Power rating of CFL bulb

[eem2am]

cfl bulb ratings

Hello,

I have a 15W CFL and looked at the current entering this bulb from the mains (i used a 12W resistor in series with the 'hot' line and looked across it with the scope)

Mains is 240V , 50Hz

The current came out as 59mA RMS, giving an input power of 14.2W.

I would have expected, with inefficiency, for the power input to be more like 18 Watts.

Do you think they have over-rated this bulb's power rating ?

..here is the bulbs input current....

 

[Audioguru]

cfl power rating

You need a very low resistor value and a true RMS voltage meter to measure the current.
The current times the voltage is the apparent power, not the actual power. The power factor determines how much the apparent power differs from the true power due to phase shift. Your resistor reduced the current.

I think a 14W bulb draws 14W of true power which might be 20W of apparent power that you and your electricity consumption meter cannot measure.
The bulb probably wastes about 2W in heat.

The current is higher when the bulb is cold and gradually decreases as it warms up.

 

[FvM]

cfl waveform

Apart from what has been said regarding true and apparent power, the measurement may be inaccurate.

I tested some electronic CFL, and found a real power input of +/- 5% around the nominal value. The power factor varied
between 0.5 for a cheap no-name DIY market product and 0.71 for a major manufacturers product. See respective
waveforms below. The oscilloscope current measurement isn't exact, cause I used a high current rogowski probe with 10
turns of the sensed conductor. I measured the input current, real power and power factor with a separate power meter.

230 V RMS 91 mA RMS 10.5 W 0.5 PF (no-name 11 Watt)
230 V RMS 89 mA RMS 14.7 W 0.71 PF (Osram 15 Watt)

 

[eem2am]

cfl bulbs power factor

Thankyou FvM,

your waveforms are in fact very interesting, especially in light of the fact that the manufacturers are stating that the above waveforms have power factors of 0.5 and 0.71.

This is in fact a very interesting post now, as we see how manufacturers make false claims about power factor........

Do you know if these figures are the distortion factor , or the displacement factor, or the product of these two ?

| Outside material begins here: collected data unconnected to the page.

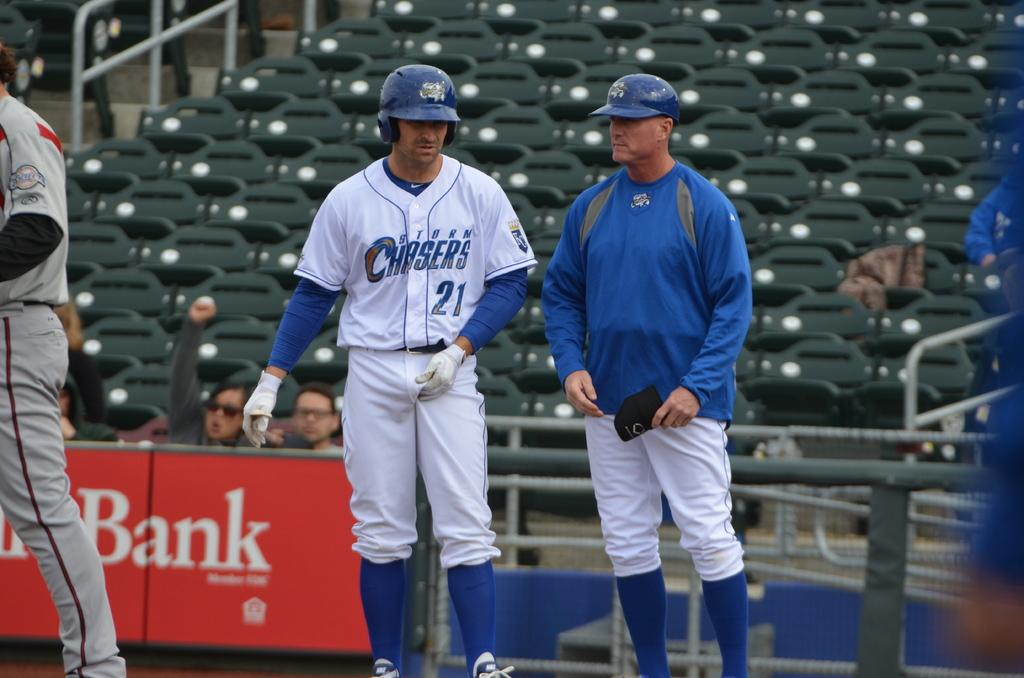<image>
Relay a brief, clear account of the picture shown. a baseball player the has the team name and 21 on his jersey 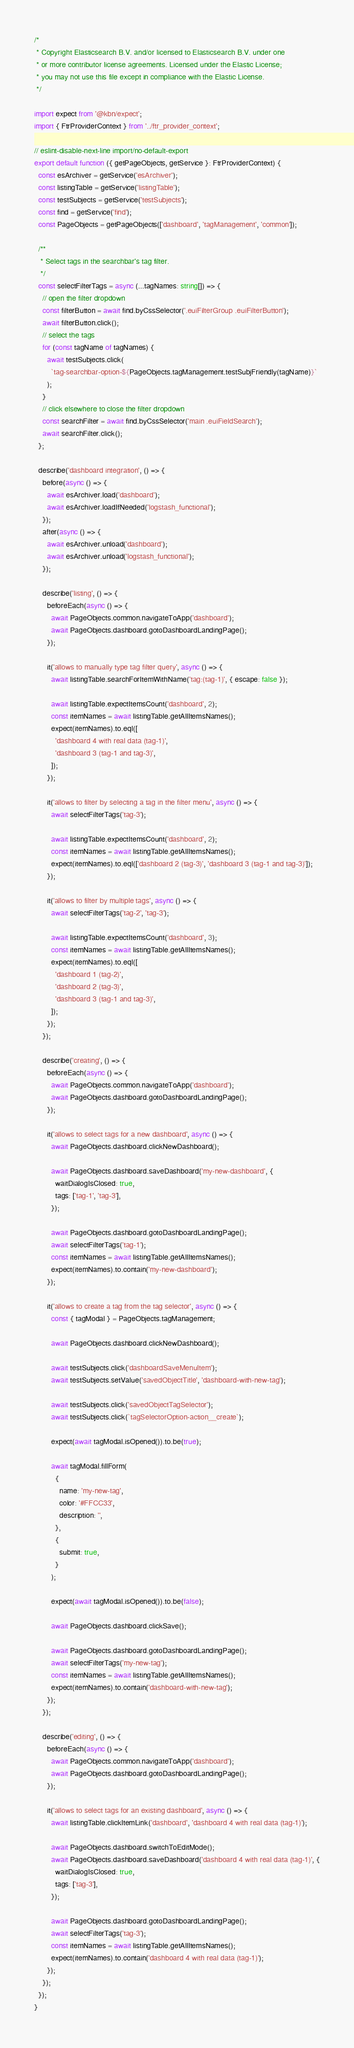<code> <loc_0><loc_0><loc_500><loc_500><_TypeScript_>/*
 * Copyright Elasticsearch B.V. and/or licensed to Elasticsearch B.V. under one
 * or more contributor license agreements. Licensed under the Elastic License;
 * you may not use this file except in compliance with the Elastic License.
 */

import expect from '@kbn/expect';
import { FtrProviderContext } from '../ftr_provider_context';

// eslint-disable-next-line import/no-default-export
export default function ({ getPageObjects, getService }: FtrProviderContext) {
  const esArchiver = getService('esArchiver');
  const listingTable = getService('listingTable');
  const testSubjects = getService('testSubjects');
  const find = getService('find');
  const PageObjects = getPageObjects(['dashboard', 'tagManagement', 'common']);

  /**
   * Select tags in the searchbar's tag filter.
   */
  const selectFilterTags = async (...tagNames: string[]) => {
    // open the filter dropdown
    const filterButton = await find.byCssSelector('.euiFilterGroup .euiFilterButton');
    await filterButton.click();
    // select the tags
    for (const tagName of tagNames) {
      await testSubjects.click(
        `tag-searchbar-option-${PageObjects.tagManagement.testSubjFriendly(tagName)}`
      );
    }
    // click elsewhere to close the filter dropdown
    const searchFilter = await find.byCssSelector('main .euiFieldSearch');
    await searchFilter.click();
  };

  describe('dashboard integration', () => {
    before(async () => {
      await esArchiver.load('dashboard');
      await esArchiver.loadIfNeeded('logstash_functional');
    });
    after(async () => {
      await esArchiver.unload('dashboard');
      await esArchiver.unload('logstash_functional');
    });

    describe('listing', () => {
      beforeEach(async () => {
        await PageObjects.common.navigateToApp('dashboard');
        await PageObjects.dashboard.gotoDashboardLandingPage();
      });

      it('allows to manually type tag filter query', async () => {
        await listingTable.searchForItemWithName('tag:(tag-1)', { escape: false });

        await listingTable.expectItemsCount('dashboard', 2);
        const itemNames = await listingTable.getAllItemsNames();
        expect(itemNames).to.eql([
          'dashboard 4 with real data (tag-1)',
          'dashboard 3 (tag-1 and tag-3)',
        ]);
      });

      it('allows to filter by selecting a tag in the filter menu', async () => {
        await selectFilterTags('tag-3');

        await listingTable.expectItemsCount('dashboard', 2);
        const itemNames = await listingTable.getAllItemsNames();
        expect(itemNames).to.eql(['dashboard 2 (tag-3)', 'dashboard 3 (tag-1 and tag-3)']);
      });

      it('allows to filter by multiple tags', async () => {
        await selectFilterTags('tag-2', 'tag-3');

        await listingTable.expectItemsCount('dashboard', 3);
        const itemNames = await listingTable.getAllItemsNames();
        expect(itemNames).to.eql([
          'dashboard 1 (tag-2)',
          'dashboard 2 (tag-3)',
          'dashboard 3 (tag-1 and tag-3)',
        ]);
      });
    });

    describe('creating', () => {
      beforeEach(async () => {
        await PageObjects.common.navigateToApp('dashboard');
        await PageObjects.dashboard.gotoDashboardLandingPage();
      });

      it('allows to select tags for a new dashboard', async () => {
        await PageObjects.dashboard.clickNewDashboard();

        await PageObjects.dashboard.saveDashboard('my-new-dashboard', {
          waitDialogIsClosed: true,
          tags: ['tag-1', 'tag-3'],
        });

        await PageObjects.dashboard.gotoDashboardLandingPage();
        await selectFilterTags('tag-1');
        const itemNames = await listingTable.getAllItemsNames();
        expect(itemNames).to.contain('my-new-dashboard');
      });

      it('allows to create a tag from the tag selector', async () => {
        const { tagModal } = PageObjects.tagManagement;

        await PageObjects.dashboard.clickNewDashboard();

        await testSubjects.click('dashboardSaveMenuItem');
        await testSubjects.setValue('savedObjectTitle', 'dashboard-with-new-tag');

        await testSubjects.click('savedObjectTagSelector');
        await testSubjects.click(`tagSelectorOption-action__create`);

        expect(await tagModal.isOpened()).to.be(true);

        await tagModal.fillForm(
          {
            name: 'my-new-tag',
            color: '#FFCC33',
            description: '',
          },
          {
            submit: true,
          }
        );

        expect(await tagModal.isOpened()).to.be(false);

        await PageObjects.dashboard.clickSave();

        await PageObjects.dashboard.gotoDashboardLandingPage();
        await selectFilterTags('my-new-tag');
        const itemNames = await listingTable.getAllItemsNames();
        expect(itemNames).to.contain('dashboard-with-new-tag');
      });
    });

    describe('editing', () => {
      beforeEach(async () => {
        await PageObjects.common.navigateToApp('dashboard');
        await PageObjects.dashboard.gotoDashboardLandingPage();
      });

      it('allows to select tags for an existing dashboard', async () => {
        await listingTable.clickItemLink('dashboard', 'dashboard 4 with real data (tag-1)');

        await PageObjects.dashboard.switchToEditMode();
        await PageObjects.dashboard.saveDashboard('dashboard 4 with real data (tag-1)', {
          waitDialogIsClosed: true,
          tags: ['tag-3'],
        });

        await PageObjects.dashboard.gotoDashboardLandingPage();
        await selectFilterTags('tag-3');
        const itemNames = await listingTable.getAllItemsNames();
        expect(itemNames).to.contain('dashboard 4 with real data (tag-1)');
      });
    });
  });
}
</code>

At a guess, i would say that these figures are the displacement factor. This is not really the proper power factor but manufacturers regularly state displacement factor as the actual power factor.

Looking at your CFL waveforms, they are (like mine) nothing like sinusoidal, and i would estimate that the proper power factor (product of displacement factor and distortion factor) is very low indeed...probably about 0.1

 

[FvM]

cfl power ratings

The measurements represent the true power factor P/S, where S = Irms*Vrms. I'm not sure, if it's numerically a product
of displacement and distortion power factor (if they would be calculated individually), but at least it's smaller
than each of both. Modern electronic instruments are always considering all apparent power components respectively
displaying true P/S. An individual measurement of displacement or reactive power factor is more a historical topic.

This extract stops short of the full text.